Pubblichiamo oggi la seconda e ultima parte del saggio dedicato allo scrittore messicano Daniel Sada.

di Antonio Bertrán

Traduzione di Angela Masotti

Daniel Sada non può vedersi il viso allo specchio: non ci riesce. Negli ultimi mesi si è fatto visitare dall’oftalmologo varie volte, ma la sua vista non ha smesso di deteriorarsi a causa del diabete.

Sua moglie, Adriana Jiménez, gli legge qualcosa tutte le sere, quando non rientra troppo tardi dal lavoro. “È stato molto duro per lui, ma adesso abbiamo assunto una routine che io apprezzo molto perché, man mano che gli tornano in mente autori e opere, spaziamo da Guimarães Rosa a Rosario Castellanos o Borges, da Palinuro de México alla Divina Commedia, che leggiamo in una traduzione che lui adora, perché mantiene la metrica delle terzine dantesche”.

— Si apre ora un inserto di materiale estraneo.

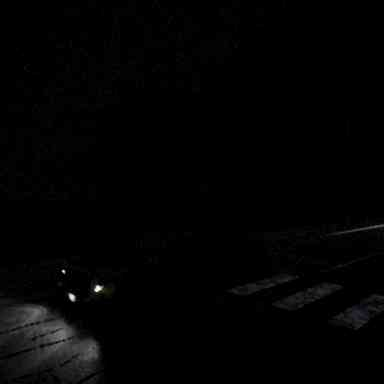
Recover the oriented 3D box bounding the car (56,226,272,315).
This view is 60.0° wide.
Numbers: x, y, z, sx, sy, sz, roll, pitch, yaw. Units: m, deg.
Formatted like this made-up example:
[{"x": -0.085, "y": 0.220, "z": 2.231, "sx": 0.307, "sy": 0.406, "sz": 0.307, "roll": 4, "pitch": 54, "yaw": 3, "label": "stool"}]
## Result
[{"x": -0.232, "y": 1.546, "z": 7.845, "sx": 5.357, "sy": 1.411, "sz": 2.033, "roll": 1, "pitch": 1, "yaw": -43, "label": "car"}]
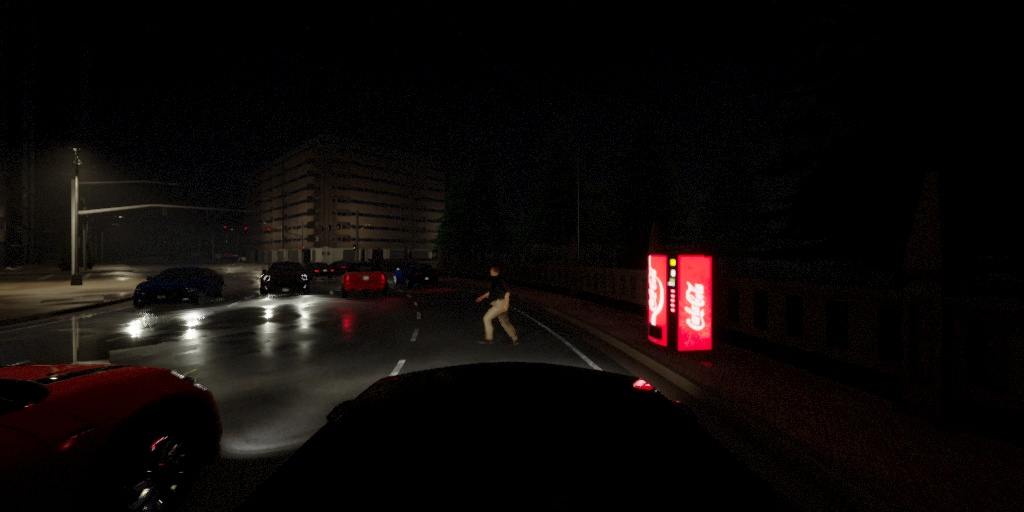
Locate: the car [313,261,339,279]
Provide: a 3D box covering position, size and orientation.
[{"bbox_3d":[-17.451,1.274,31.668,5.357,1.411,2.033,0,0,44],"label":"car"}]

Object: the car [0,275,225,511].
[{"bbox_3d":[-3.655,1.104,1.274,2.097,1.767,4.553,0,0,1],"label":"car"}]

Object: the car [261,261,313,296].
[{"bbox_3d":[-12.249,1.088,19.486,2.097,1.767,4.553,0,0,-32],"label":"car"}]

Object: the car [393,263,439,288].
[{"bbox_3d":[-6.483,1.209,23.915,1.882,1.535,5.008,0,0,-31],"label":"car"}]

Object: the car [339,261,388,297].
[{"bbox_3d":[-7.962,1.088,19.220,2.097,1.767,4.553,0,0,-25],"label":"car"}]

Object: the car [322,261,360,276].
[{"bbox_3d":[-17.500,1.248,36.593,4.674,1.442,1.812,0,0,42],"label":"car"}]

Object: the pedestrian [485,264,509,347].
[{"bbox_3d":[-0.329,1.039,7.726,0.375,1.860,0.375,0,0,-8],"label":"pedestrian"}]

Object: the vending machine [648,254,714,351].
[{"bbox_3d":[3.506,0.940,7.541,1.100,2.100,0.880,0,0,-8],"label":"vending machine"}]

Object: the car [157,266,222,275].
[{"bbox_3d":[-13.873,1.217,15.273,1.882,1.535,5.008,0,0,-27],"label":"car"}]
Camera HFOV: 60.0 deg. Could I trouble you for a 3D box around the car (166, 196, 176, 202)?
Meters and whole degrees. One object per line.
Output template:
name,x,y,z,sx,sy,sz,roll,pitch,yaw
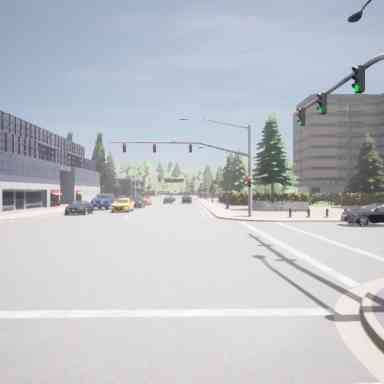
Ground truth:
car,-4.718,1.510,75.222,1.895,1.301,4.718,0,0,-1

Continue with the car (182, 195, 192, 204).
car,-0.976,1.505,64.910,1.837,1.490,4.892,0,0,-1

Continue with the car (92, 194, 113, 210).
car,-11.375,1.222,42.778,2.150,2.045,5.566,0,0,-1

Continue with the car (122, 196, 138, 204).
car,-11.595,1.492,62.937,2.128,1.511,4.902,0,0,0

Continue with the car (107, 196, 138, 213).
car,-7.806,1.478,37.817,1.882,1.535,5.008,0,0,-1

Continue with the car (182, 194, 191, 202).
car,-1.213,1.355,74.976,2.097,1.767,4.553,0,0,-1

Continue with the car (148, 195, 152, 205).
car,-8.050,1.352,57.168,2.097,1.767,4.553,0,0,-1

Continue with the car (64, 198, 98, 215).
car,-11.242,1.564,33.426,1.994,1.385,4.181,0,0,-1

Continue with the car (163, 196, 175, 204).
car,-4.573,1.547,64.587,2.033,1.411,5.357,0,0,-1

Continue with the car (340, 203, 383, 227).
car,12.502,1.492,22.191,4.902,1.511,2.128,0,0,-1

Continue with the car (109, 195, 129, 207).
car,-11.499,1.352,52.678,2.097,1.767,4.553,0,0,-1

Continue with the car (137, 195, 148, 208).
car,-7.929,1.352,47.054,2.097,1.767,4.553,0,0,-1
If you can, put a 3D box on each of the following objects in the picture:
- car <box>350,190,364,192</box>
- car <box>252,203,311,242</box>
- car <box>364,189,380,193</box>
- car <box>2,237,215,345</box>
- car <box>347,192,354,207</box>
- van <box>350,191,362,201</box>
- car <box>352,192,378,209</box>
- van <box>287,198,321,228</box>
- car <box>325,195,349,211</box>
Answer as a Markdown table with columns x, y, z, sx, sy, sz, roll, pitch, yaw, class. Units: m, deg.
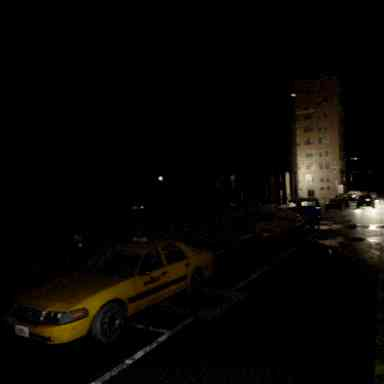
| x | y | z | sx | sy | sz | roll | pitch | yaw | class |
| --- | --- | --- | --- | --- | --- | --- | --- | --- | --- |
| 29.638 | 0.768 | 60.866 | 2.192 | 1.841 | 5.009 | -2 | -1 | 30 | car |
| 4.414 | 1.534 | 16.625 | 1.752 | 1.417 | 4.829 | -3 | -1 | 30 | car |
| 36.498 | 0.734 | 67.115 | 2.128 | 1.511 | 4.902 | -2 | -1 | 30 | car |
| -1.196 | 1.640 | 6.802 | 1.752 | 1.417 | 4.829 | -3 | -1 | 31 | car |
| 18.468 | 1.148 | 41.270 | 1.967 | 1.590 | 4.097 | -2 | -1 | 30 | car |
| 32.433 | 0.728 | 65.766 | 1.690 | 1.788 | 3.998 | -2 | -1 | 30 | van |
| 19.975 | 1.133 | 38.251 | 1.837 | 1.490 | 4.892 | -2 | -1 | 30 | car |
| 7.287 | 1.293 | 21.675 | 1.690 | 1.788 | 3.998 | -3 | -1 | 30 | van |
| 15.679 | 1.353 | 36.368 | 1.802 | 1.307 | 4.206 | -2 | -1 | 30 | car |
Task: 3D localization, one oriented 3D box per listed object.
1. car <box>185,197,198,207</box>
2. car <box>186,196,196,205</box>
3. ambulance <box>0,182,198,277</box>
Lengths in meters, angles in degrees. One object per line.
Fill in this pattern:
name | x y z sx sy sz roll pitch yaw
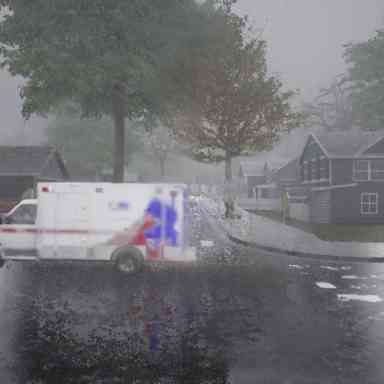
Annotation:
car | -0.139 1.577 52.256 1.994 1.385 4.181 0 0 0
car | -0.166 1.539 62.262 1.812 1.442 4.674 0 0 0
ambulance | -3.039 0.983 9.809 6.366 2.431 2.351 1 0 0
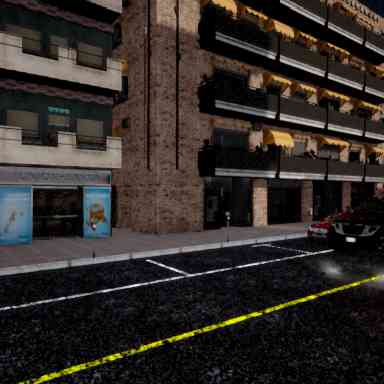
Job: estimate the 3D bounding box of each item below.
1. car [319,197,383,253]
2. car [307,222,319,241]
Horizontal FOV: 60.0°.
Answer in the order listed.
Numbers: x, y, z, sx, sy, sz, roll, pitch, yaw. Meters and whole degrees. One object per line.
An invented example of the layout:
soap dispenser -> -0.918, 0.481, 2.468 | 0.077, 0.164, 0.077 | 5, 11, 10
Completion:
car -> 7.492, 1.222, 12.585 | 5.566, 2.045, 2.150 | 0, 0, -36
car -> 7.172, 1.583, 15.538 | 4.206, 1.307, 1.802 | 0, 0, -35
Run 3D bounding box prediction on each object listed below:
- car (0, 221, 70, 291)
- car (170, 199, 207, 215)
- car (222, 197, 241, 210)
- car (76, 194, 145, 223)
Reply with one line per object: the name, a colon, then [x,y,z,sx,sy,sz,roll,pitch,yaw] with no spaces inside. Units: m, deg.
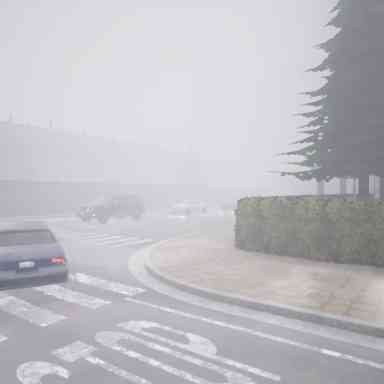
car: [-4.561,1.505,8.917,2.033,1.411,5.357,0,0,-29]
car: [-0.225,1.470,33.248,1.812,1.442,4.674,0,0,35]
car: [5.514,1.422,41.321,1.882,1.535,5.008,0,0,36]
car: [-5.966,1.166,25.230,2.150,2.045,5.566,0,0,35]
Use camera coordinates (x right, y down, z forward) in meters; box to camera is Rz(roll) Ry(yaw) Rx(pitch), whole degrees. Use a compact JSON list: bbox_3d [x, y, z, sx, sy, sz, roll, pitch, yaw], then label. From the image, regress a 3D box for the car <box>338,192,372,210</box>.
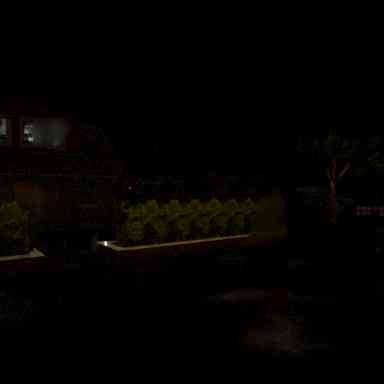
[{"bbox_3d":[17.407,0.977,36.196,3.866,1.878,1.905,0,0,0],"label":"car"}]
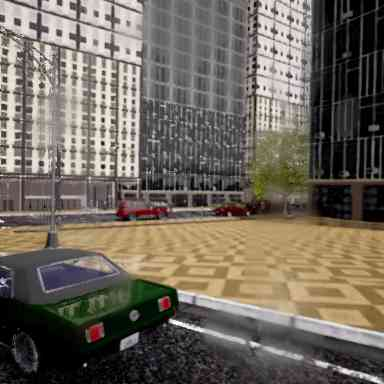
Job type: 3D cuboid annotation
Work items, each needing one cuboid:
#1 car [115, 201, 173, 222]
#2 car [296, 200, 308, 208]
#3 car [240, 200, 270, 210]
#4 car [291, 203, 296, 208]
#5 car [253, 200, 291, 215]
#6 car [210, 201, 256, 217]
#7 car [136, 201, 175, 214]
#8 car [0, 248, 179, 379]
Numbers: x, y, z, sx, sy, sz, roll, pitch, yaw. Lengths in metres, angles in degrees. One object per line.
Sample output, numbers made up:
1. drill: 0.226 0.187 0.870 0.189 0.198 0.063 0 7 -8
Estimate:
1. car: -4.700 1.742 31.182 5.009 1.841 2.192 0 1 -34
2. car: 18.912 2.044 56.903 4.313 1.339 1.947 0 1 -34
3. car: 9.556 1.968 50.498 4.313 1.339 1.947 0 1 -34
4. car: 14.233 2.022 53.701 4.206 1.307 1.802 0 1 -34
5. car: 9.333 1.854 40.790 5.009 1.841 2.192 0 1 -34
6. car: 4.651 2.046 37.591 4.507 1.381 1.887 0 1 -34
7. car: -4.477 1.841 40.890 4.403 1.369 2.008 0 1 -34
8. car: -2.600 1.623 5.536 4.718 1.301 1.895 0 0 35
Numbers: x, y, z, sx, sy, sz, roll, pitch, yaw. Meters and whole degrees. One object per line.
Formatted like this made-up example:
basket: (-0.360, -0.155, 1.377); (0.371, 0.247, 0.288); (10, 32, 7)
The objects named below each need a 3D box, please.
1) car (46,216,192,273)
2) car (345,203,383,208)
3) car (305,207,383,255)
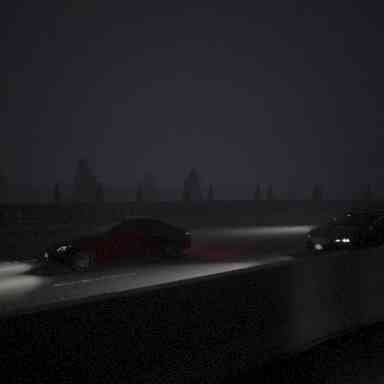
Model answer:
car: (-2.190, 1.523, 10.753); (4.674, 1.442, 1.812); (0, 0, -33)
car: (11.447, 1.481, 22.365); (4.902, 1.511, 2.128); (0, 0, -24)
car: (6.183, 1.486, 11.837); (4.902, 1.511, 2.128); (0, 0, -29)
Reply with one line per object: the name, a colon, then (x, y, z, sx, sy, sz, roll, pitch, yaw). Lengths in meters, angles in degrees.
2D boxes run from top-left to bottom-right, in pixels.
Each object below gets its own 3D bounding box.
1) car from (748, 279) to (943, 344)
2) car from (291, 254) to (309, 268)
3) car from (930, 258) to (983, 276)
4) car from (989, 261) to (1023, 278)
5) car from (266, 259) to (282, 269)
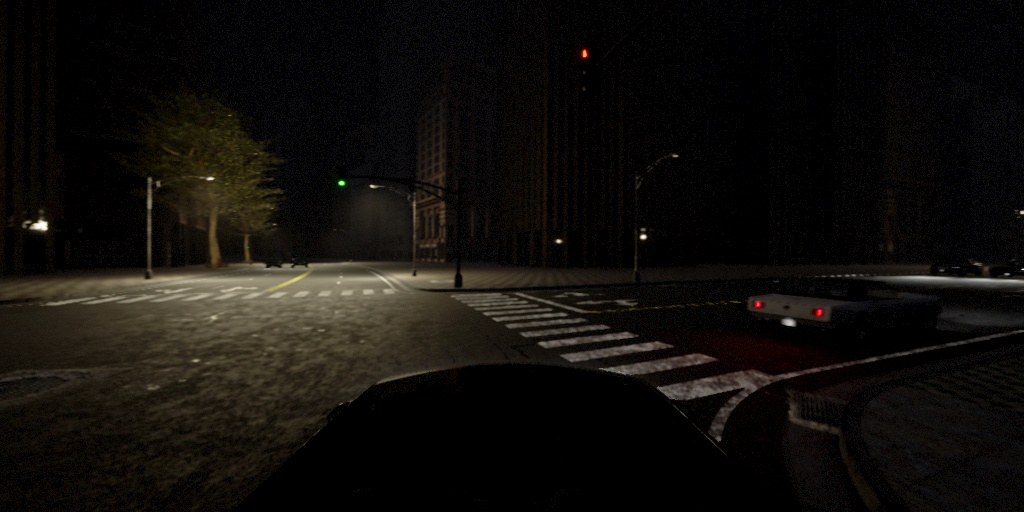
car: (8.406, 1.227, 9.001, 4.718, 1.301, 1.895, 0, 0, -21)
car: (-32.197, 0.781, 54.489, 2.150, 2.045, 5.566, 0, 0, -29)
car: (38.336, 0.927, 30.919, 4.902, 1.511, 2.128, 0, 0, -21)
car: (39.471, 1.046, 27.874, 4.718, 1.301, 1.895, 0, 0, -21)
car: (-35.046, 1.091, 52.922, 2.033, 1.411, 5.357, 0, 0, -29)
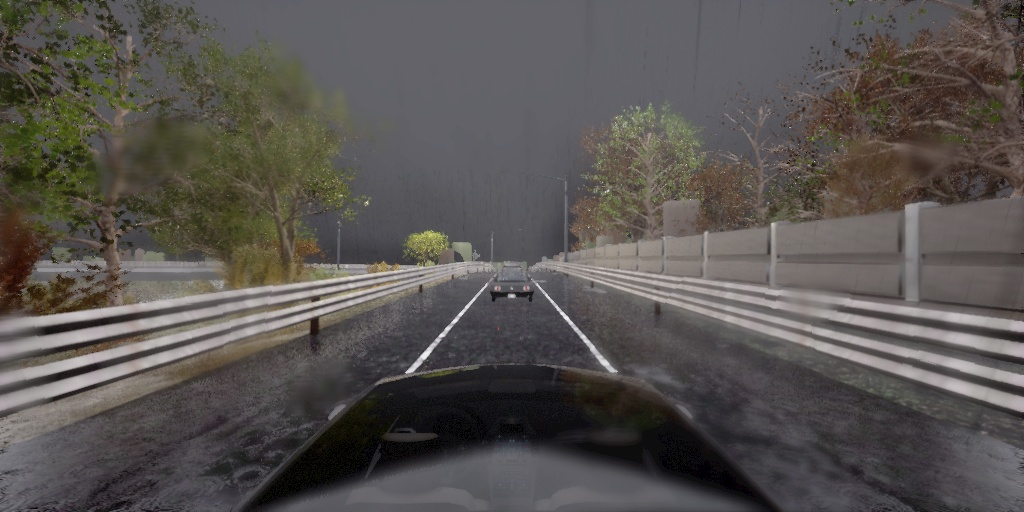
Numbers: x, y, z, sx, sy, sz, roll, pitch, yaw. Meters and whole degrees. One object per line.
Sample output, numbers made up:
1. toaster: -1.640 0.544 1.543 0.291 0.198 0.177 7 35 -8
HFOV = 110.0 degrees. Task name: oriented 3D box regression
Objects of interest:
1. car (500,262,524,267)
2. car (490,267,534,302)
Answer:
1. car: 0.000 1.248 32.067 2.128 1.511 4.902 0 0 0
2. car: 0.000 1.367 17.062 1.895 1.301 4.718 0 0 0
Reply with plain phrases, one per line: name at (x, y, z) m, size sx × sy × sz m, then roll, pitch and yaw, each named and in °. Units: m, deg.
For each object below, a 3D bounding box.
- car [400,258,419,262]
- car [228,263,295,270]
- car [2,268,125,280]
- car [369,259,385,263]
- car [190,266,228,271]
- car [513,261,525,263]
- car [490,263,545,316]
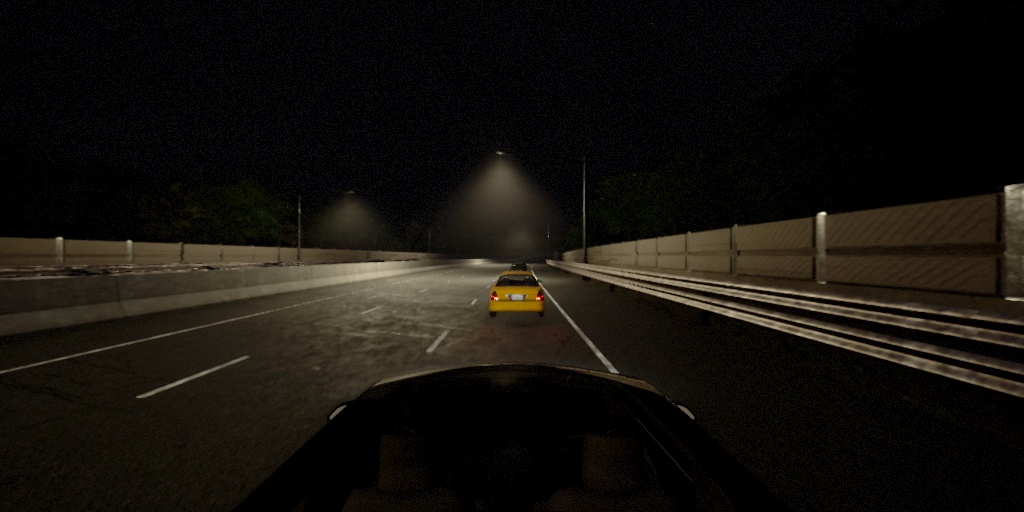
car at (-16.165, 1.162, 57.454) m, size 2.097 × 1.767 × 4.553 m, roll 0°, pitch -1°, yaw 3°
car at (-17.310, 1.234, 25.907) m, size 2.128 × 1.511 × 4.902 m, roll 0°, pitch 0°, yaw 1°
car at (-24.430, 1.333, 19.933) m, size 1.895 × 1.301 × 4.718 m, roll 0°, pitch 0°, yaw 1°
car at (-22.985, 1.303, 60.961) m, size 1.837 × 1.490 × 4.892 m, roll 0°, pitch 0°, yaw 3°
car at (-20.846, 1.338, 24.481) m, size 1.895 × 1.301 × 4.718 m, roll 0°, pitch 0°, yaw 1°
car at (0.896, 1.289, 43.279) m, size 2.128 × 1.511 × 4.902 m, roll 0°, pitch 0°, yaw 2°
car at (0.182, 1.205, 13.250) m, size 1.801 × 1.575 × 5.366 m, roll 0°, pitch 0°, yaw 1°
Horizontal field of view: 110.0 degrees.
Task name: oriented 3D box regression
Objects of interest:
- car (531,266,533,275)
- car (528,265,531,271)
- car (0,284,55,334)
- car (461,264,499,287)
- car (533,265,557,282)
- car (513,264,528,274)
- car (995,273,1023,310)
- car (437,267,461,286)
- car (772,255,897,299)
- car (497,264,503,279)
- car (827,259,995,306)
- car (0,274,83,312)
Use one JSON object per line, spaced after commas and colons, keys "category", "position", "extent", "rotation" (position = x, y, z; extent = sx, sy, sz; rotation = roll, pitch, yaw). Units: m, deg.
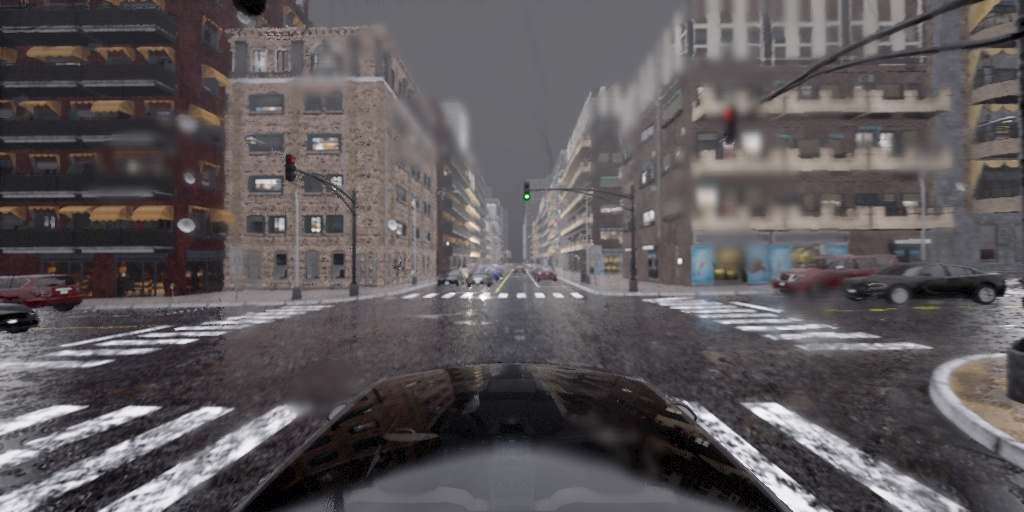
{"category": "car", "position": [3.518, 1.803, 41.650], "extent": [1.967, 1.591, 4.097], "rotation": [0, 0, 1]}
{"category": "car", "position": [3.743, 2.125, 53.012], "extent": [1.802, 1.307, 4.207], "rotation": [0, 0, 1]}
{"category": "car", "position": [-17.653, 1.807, 10.963], "extent": [4.892, 1.490, 1.837], "rotation": [-1, -1, 1]}
{"category": "car", "position": [-2.522, 1.692, 29.283], "extent": [2.128, 1.511, 4.902], "rotation": [0, -1, 1]}
{"category": "car", "position": [3.406, 1.713, 35.970], "extent": [1.967, 1.591, 4.097], "rotation": [0, 0, 1]}
{"category": "car", "position": [1.261, 2.169, 58.364], "extent": [1.812, 1.442, 4.674], "rotation": [0, -1, 1]}
{"category": "car", "position": [14.874, 0.794, 8.019], "extent": [5.009, 1.841, 2.192], "rotation": [0, 0, 1]}
{"category": "car", "position": [-5.085, 1.799, 30.452], "extent": [1.948, 1.339, 4.313], "rotation": [0, 0, 1]}
{"category": "car", "position": [14.905, 0.907, 16.399], "extent": [5.009, 1.841, 2.192], "rotation": [0, 0, 1]}
{"category": "car", "position": [-2.335, 1.826, 38.702], "extent": [1.882, 1.535, 5.008], "rotation": [0, -1, 1]}
{"category": "car", "position": [15.603, 1.018, 13.813], "extent": [5.008, 1.535, 1.882], "rotation": [-1, -1, 1]}
{"category": "car", "position": [-23.265, 1.830, 16.772], "extent": [5.009, 1.841, 2.192], "rotation": [0, 0, 1]}
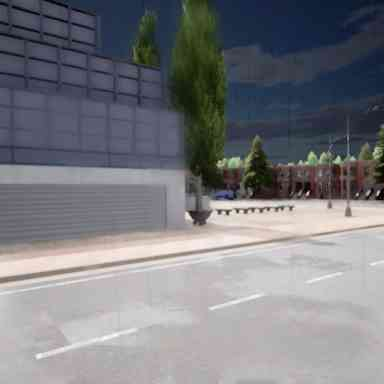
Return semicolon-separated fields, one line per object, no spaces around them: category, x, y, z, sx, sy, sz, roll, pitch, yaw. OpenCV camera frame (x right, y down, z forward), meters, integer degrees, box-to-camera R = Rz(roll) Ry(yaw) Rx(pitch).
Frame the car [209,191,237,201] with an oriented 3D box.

Adriana Jiménez dà lezioni di letteratura all’Universidad Autónoma e tiene corsi di scrittura, oltre a scrivere poesia e narrativa. La loro unione dura da quindici anni, durante i quali la letteratura è stata una passione condivisa. In altri tempi, però, la dedizione di Sada per le lettere è stata causa della rottura di una delle sue relazioni. Racconta un’amica comune, tacendo il nome della donna, che lo scrittore le suggeriva, o meglio “pretendeva” che leggesse diversi autori, oltre alla sua stessa opera, finché lei non ne poté più e lo lasciò.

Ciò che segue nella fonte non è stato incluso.